*Problem statement*: The response must consist of every line of the listing, reproduced verbatim.
-- Source material follows --
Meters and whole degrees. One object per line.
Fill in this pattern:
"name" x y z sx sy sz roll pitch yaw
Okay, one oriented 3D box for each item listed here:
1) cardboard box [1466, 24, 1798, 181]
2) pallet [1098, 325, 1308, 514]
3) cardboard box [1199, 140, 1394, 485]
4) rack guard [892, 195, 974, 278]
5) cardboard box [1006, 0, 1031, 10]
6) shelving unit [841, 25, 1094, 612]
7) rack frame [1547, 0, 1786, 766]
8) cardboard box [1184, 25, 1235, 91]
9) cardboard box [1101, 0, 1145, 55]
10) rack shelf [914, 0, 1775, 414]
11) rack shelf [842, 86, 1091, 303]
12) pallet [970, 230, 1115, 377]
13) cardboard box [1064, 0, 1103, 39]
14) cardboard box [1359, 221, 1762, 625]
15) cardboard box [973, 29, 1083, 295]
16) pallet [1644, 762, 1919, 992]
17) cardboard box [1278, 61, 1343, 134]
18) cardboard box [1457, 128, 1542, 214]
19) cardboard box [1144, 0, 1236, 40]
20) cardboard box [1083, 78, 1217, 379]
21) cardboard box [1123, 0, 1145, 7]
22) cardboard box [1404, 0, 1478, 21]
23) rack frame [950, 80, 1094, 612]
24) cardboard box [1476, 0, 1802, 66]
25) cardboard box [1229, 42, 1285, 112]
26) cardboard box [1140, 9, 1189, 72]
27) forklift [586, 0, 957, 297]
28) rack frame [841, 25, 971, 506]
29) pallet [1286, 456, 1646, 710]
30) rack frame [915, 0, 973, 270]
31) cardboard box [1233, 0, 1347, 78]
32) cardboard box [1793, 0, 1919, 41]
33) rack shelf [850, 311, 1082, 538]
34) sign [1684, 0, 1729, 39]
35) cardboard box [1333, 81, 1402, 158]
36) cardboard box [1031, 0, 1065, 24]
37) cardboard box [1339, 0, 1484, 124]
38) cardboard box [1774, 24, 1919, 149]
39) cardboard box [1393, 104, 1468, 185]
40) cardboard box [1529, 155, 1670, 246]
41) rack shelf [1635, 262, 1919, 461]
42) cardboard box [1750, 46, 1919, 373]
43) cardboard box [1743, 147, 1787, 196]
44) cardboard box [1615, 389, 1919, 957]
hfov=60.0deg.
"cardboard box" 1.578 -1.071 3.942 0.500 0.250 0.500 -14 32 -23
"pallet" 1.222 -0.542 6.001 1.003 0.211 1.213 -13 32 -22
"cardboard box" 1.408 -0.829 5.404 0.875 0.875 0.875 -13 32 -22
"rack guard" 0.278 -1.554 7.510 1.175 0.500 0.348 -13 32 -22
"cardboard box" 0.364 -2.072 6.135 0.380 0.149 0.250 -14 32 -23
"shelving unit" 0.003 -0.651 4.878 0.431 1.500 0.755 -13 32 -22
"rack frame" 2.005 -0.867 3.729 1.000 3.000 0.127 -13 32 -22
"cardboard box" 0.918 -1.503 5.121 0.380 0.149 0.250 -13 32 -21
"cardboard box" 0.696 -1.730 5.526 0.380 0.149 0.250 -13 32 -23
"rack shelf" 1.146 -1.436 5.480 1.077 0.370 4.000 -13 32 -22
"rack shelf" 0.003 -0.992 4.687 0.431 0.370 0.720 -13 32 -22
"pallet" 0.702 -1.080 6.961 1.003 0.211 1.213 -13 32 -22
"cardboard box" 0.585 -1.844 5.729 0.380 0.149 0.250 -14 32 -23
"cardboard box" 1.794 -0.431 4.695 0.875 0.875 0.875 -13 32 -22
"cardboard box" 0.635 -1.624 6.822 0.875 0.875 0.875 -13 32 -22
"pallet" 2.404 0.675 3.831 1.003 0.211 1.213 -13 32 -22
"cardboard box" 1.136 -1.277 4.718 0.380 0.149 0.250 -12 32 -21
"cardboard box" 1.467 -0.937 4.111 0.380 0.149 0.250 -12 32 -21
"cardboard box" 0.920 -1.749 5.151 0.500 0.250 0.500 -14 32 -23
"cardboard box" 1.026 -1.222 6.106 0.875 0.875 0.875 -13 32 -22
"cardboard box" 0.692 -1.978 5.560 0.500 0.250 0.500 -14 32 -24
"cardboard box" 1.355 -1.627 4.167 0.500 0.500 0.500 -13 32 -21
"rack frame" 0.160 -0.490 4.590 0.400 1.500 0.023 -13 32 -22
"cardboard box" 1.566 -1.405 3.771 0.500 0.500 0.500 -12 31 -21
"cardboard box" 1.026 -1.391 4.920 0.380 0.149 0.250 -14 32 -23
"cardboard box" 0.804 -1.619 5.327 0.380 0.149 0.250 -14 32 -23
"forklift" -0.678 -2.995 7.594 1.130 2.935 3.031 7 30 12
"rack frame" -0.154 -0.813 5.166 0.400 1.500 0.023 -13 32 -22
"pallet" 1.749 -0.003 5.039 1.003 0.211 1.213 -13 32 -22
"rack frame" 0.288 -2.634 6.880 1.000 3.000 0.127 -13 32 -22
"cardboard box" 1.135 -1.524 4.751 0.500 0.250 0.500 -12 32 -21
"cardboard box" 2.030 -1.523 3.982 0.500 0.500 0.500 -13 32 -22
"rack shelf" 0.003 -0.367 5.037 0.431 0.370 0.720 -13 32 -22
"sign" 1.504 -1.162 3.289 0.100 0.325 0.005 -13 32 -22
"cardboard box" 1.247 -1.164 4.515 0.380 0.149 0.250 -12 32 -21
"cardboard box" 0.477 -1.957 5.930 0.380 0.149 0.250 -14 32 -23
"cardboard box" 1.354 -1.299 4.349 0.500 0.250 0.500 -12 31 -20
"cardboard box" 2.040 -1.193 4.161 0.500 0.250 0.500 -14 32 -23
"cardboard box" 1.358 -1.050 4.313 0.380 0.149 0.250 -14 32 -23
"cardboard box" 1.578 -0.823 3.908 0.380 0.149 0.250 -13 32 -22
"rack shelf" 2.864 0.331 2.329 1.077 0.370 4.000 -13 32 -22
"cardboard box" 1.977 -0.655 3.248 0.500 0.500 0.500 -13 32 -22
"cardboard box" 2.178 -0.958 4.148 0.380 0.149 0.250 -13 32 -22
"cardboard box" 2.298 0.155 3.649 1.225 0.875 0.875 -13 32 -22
-- Source material concluded --
*Finished task*:
Meters and whole degrees. One object per line.
Fill in this pattern:
"name" x y z sx sy sz roll pitch yaw
Okay, one oriented 3D box for each item listed here:
1) cardboard box [1466, 24, 1798, 181]
2) pallet [1098, 325, 1308, 514]
3) cardboard box [1199, 140, 1394, 485]
4) rack guard [892, 195, 974, 278]
5) cardboard box [1006, 0, 1031, 10]
6) shelving unit [841, 25, 1094, 612]
7) rack frame [1547, 0, 1786, 766]
8) cardboard box [1184, 25, 1235, 91]
9) cardboard box [1101, 0, 1145, 55]
10) rack shelf [914, 0, 1775, 414]
11) rack shelf [842, 86, 1091, 303]
12) pallet [970, 230, 1115, 377]
13) cardboard box [1064, 0, 1103, 39]
14) cardboard box [1359, 221, 1762, 625]
15) cardboard box [973, 29, 1083, 295]
16) pallet [1644, 762, 1919, 992]
17) cardboard box [1278, 61, 1343, 134]
18) cardboard box [1457, 128, 1542, 214]
19) cardboard box [1144, 0, 1236, 40]
20) cardboard box [1083, 78, 1217, 379]
21) cardboard box [1123, 0, 1145, 7]
22) cardboard box [1404, 0, 1478, 21]
23) rack frame [950, 80, 1094, 612]
24) cardboard box [1476, 0, 1802, 66]
25) cardboard box [1229, 42, 1285, 112]
26) cardboard box [1140, 9, 1189, 72]
27) forklift [586, 0, 957, 297]
28) rack frame [841, 25, 971, 506]
29) pallet [1286, 456, 1646, 710]
30) rack frame [915, 0, 973, 270]
31) cardboard box [1233, 0, 1347, 78]
32) cardboard box [1793, 0, 1919, 41]
33) rack shelf [850, 311, 1082, 538]
34) sign [1684, 0, 1729, 39]
35) cardboard box [1333, 81, 1402, 158]
36) cardboard box [1031, 0, 1065, 24]
37) cardboard box [1339, 0, 1484, 124]
38) cardboard box [1774, 24, 1919, 149]
39) cardboard box [1393, 104, 1468, 185]
40) cardboard box [1529, 155, 1670, 246]
41) rack shelf [1635, 262, 1919, 461]
42) cardboard box [1750, 46, 1919, 373]
43) cardboard box [1743, 147, 1787, 196]
44) cardboard box [1615, 389, 1919, 957]
hfov=60.0deg.
"cardboard box" 1.578 -1.071 3.942 0.500 0.250 0.500 -14 32 -23
"pallet" 1.222 -0.542 6.001 1.003 0.211 1.213 -13 32 -22
"cardboard box" 1.408 -0.829 5.404 0.875 0.875 0.875 -13 32 -22
"rack guard" 0.278 -1.554 7.510 1.175 0.500 0.348 -13 32 -22
"cardboard box" 0.364 -2.072 6.135 0.380 0.149 0.250 -14 32 -23
"shelving unit" 0.003 -0.651 4.878 0.431 1.500 0.755 -13 32 -22
"rack frame" 2.005 -0.867 3.729 1.000 3.000 0.127 -13 32 -22
"cardboard box" 0.918 -1.503 5.121 0.380 0.149 0.250 -13 32 -21
"cardboard box" 0.696 -1.730 5.526 0.380 0.149 0.250 -13 32 -23
"rack shelf" 1.146 -1.436 5.480 1.077 0.370 4.000 -13 32 -22
"rack shelf" 0.003 -0.992 4.687 0.431 0.370 0.720 -13 32 -22
"pallet" 0.702 -1.080 6.961 1.003 0.211 1.213 -13 32 -22
"cardboard box" 0.585 -1.844 5.729 0.380 0.149 0.250 -14 32 -23
"cardboard box" 1.794 -0.431 4.695 0.875 0.875 0.875 -13 32 -22
"cardboard box" 0.635 -1.624 6.822 0.875 0.875 0.875 -13 32 -22
"pallet" 2.404 0.675 3.831 1.003 0.211 1.213 -13 32 -22
"cardboard box" 1.136 -1.277 4.718 0.380 0.149 0.250 -12 32 -21
"cardboard box" 1.467 -0.937 4.111 0.380 0.149 0.250 -12 32 -21
"cardboard box" 0.920 -1.749 5.151 0.500 0.250 0.500 -14 32 -23
"cardboard box" 1.026 -1.222 6.106 0.875 0.875 0.875 -13 32 -22
"cardboard box" 0.692 -1.978 5.560 0.500 0.250 0.500 -14 32 -24
"cardboard box" 1.355 -1.627 4.167 0.500 0.500 0.500 -13 32 -21
"rack frame" 0.160 -0.490 4.590 0.400 1.500 0.023 -13 32 -22
"cardboard box" 1.566 -1.405 3.771 0.500 0.500 0.500 -12 31 -21
"cardboard box" 1.026 -1.391 4.920 0.380 0.149 0.250 -14 32 -23
"cardboard box" 0.804 -1.619 5.327 0.380 0.149 0.250 -14 32 -23
"forklift" -0.678 -2.995 7.594 1.130 2.935 3.031 7 30 12
"rack frame" -0.154 -0.813 5.166 0.400 1.500 0.023 -13 32 -22
"pallet" 1.749 -0.003 5.039 1.003 0.211 1.213 -13 32 -22
"rack frame" 0.288 -2.634 6.880 1.000 3.000 0.127 -13 32 -22
"cardboard box" 1.135 -1.524 4.751 0.500 0.250 0.500 -12 32 -21
"cardboard box" 2.030 -1.523 3.982 0.500 0.500 0.500 -13 32 -22
"rack shelf" 0.003 -0.367 5.037 0.431 0.370 0.720 -13 32 -22
"sign" 1.504 -1.162 3.289 0.100 0.325 0.005 -13 32 -22
"cardboard box" 1.247 -1.164 4.515 0.380 0.149 0.250 -12 32 -21
"cardboard box" 0.477 -1.957 5.930 0.380 0.149 0.250 -14 32 -23
"cardboard box" 1.354 -1.299 4.349 0.500 0.250 0.500 -12 31 -20
"cardboard box" 2.040 -1.193 4.161 0.500 0.250 0.500 -14 32 -23
"cardboard box" 1.358 -1.050 4.313 0.380 0.149 0.250 -14 32 -23
"cardboard box" 1.578 -0.823 3.908 0.380 0.149 0.250 -13 32 -22
"rack shelf" 2.864 0.331 2.329 1.077 0.370 4.000 -13 32 -22
"cardboard box" 1.977 -0.655 3.248 0.500 0.500 0.500 -13 32 -22
"cardboard box" 2.178 -0.958 4.148 0.380 0.149 0.250 -13 32 -22
"cardboard box" 2.298 0.155 3.649 1.225 0.875 0.875 -13 32 -22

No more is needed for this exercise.